Happy Anniversary, Mom and Dad!

Since Thanksgiving I’m finding myself reminiscing more than I’d like to. I treasured the holidays when family used to gather together and I miss those times terribly. It seems since Dad died this family fell apart. Without Dad around, this family hasn’t been any fun and since Mom has had Alzheimer’s there’s no ‘family’ at all. Not in the real sense of the word anyway.

Family used to talk to each other and invite each other to their homes. That hasn’t happened, at least for me, since my dad died. I guess when Dad died, in the eyes of my brothers and nieces and nephew, I died too. No one had to bother with me, unless my mom pitched a fit because I was left out. It got to the point that I told her not to bother because I felt if they 'had to be told' to invite me, they didn't want me around. They made that perfectly clear over the years. The only person who seemed to care what was going on in my life was my mother (other than my daughters, Angel and Stacey, and my Uncle Joe). That used to bother me, a lot. But things have changed. Now...I couldn't care less.

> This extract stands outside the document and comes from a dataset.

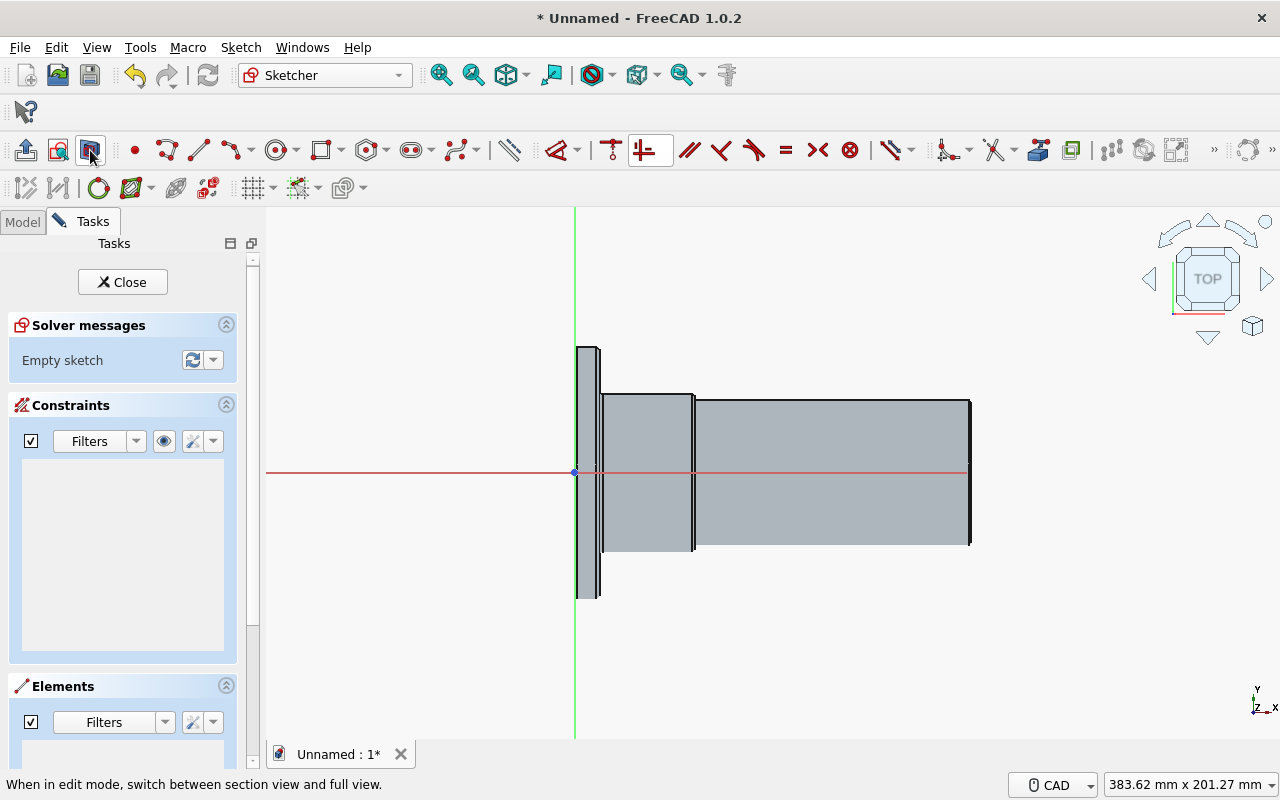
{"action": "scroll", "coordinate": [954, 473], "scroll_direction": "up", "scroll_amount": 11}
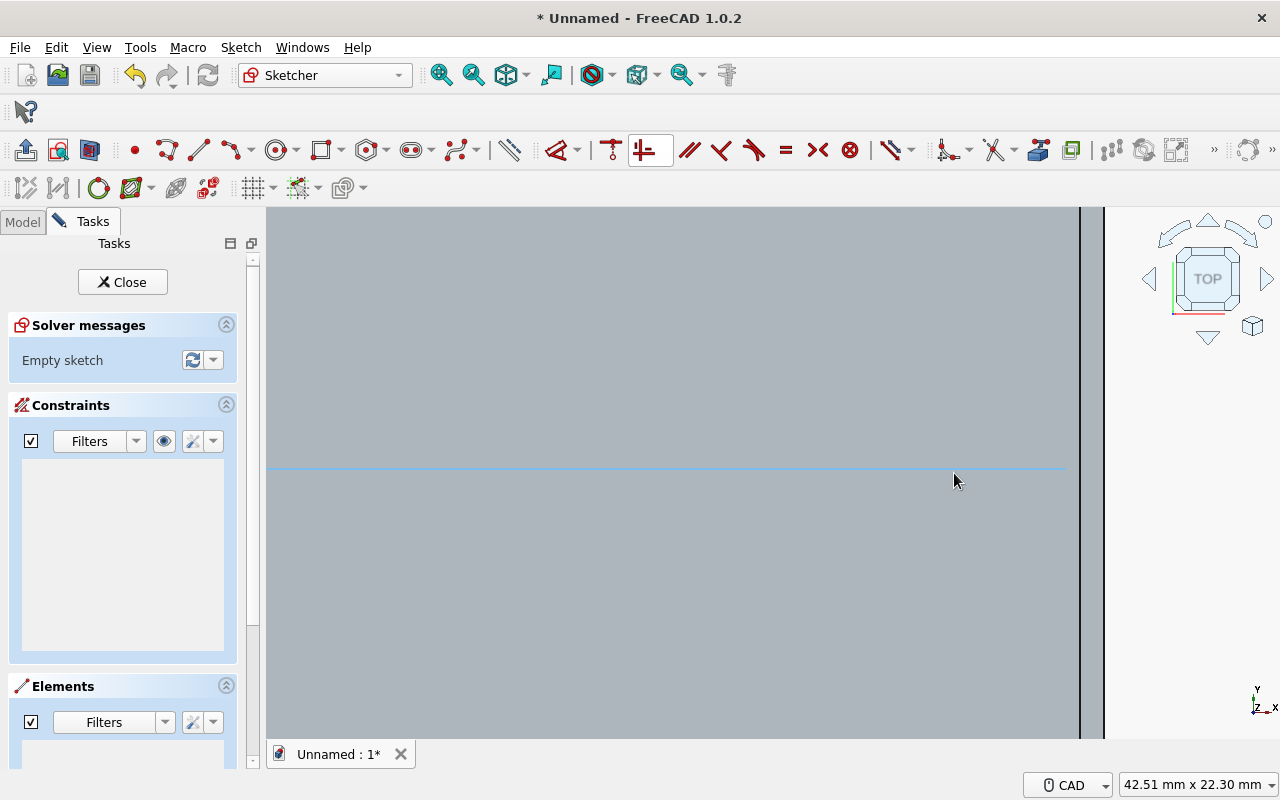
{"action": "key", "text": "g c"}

Two years ago, I tried to plan a special Christmas for Mom. I invited both my brothers and told them to pass the invitation to all their family members to come home for Christmas. No one came except my daughters, their families, and Two Feather. Not even a call to say they weren't coming. All I got from the rest of the ‘so-called family’ was excuses, a hard time, and ridicule. For all intents and purposes, that is the last Christmas Mom remembers. That is, if you want to call a lot of prodding and picture showing to bring that memory back, remembering.

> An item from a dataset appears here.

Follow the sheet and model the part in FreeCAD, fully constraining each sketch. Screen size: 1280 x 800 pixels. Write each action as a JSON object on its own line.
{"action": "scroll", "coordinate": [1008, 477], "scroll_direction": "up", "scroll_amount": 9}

Normally, I put up the Christmas tree the day after Thanksgiving. It’s still neatly tucked away in the box in which it was packed in 2005 and is sitting in my mom’s basement. I’ll probably have Two Feather take my tree back to my house in the next week or so and have him toss it in the basement to be stored with all the other decorations I doubt I’ll bother with this year. I still haven’t pulled out Mom’s little tree that we used last year. Why bother. I used to love this time of year; now it’s just another day that will go by without Mom ‘really’ knowing what day it is.

Alzheimer’s is a cruel disease. It is taking Mom piece by piece and it is ripping me apart.

As much as I said I had so much to be thankful for at Thanksgiving, I’d just as soon pass on holidays from now on. I hate Alzheimer’s! I hate what it’s doing to my mom. And I hate what it’s doing to me.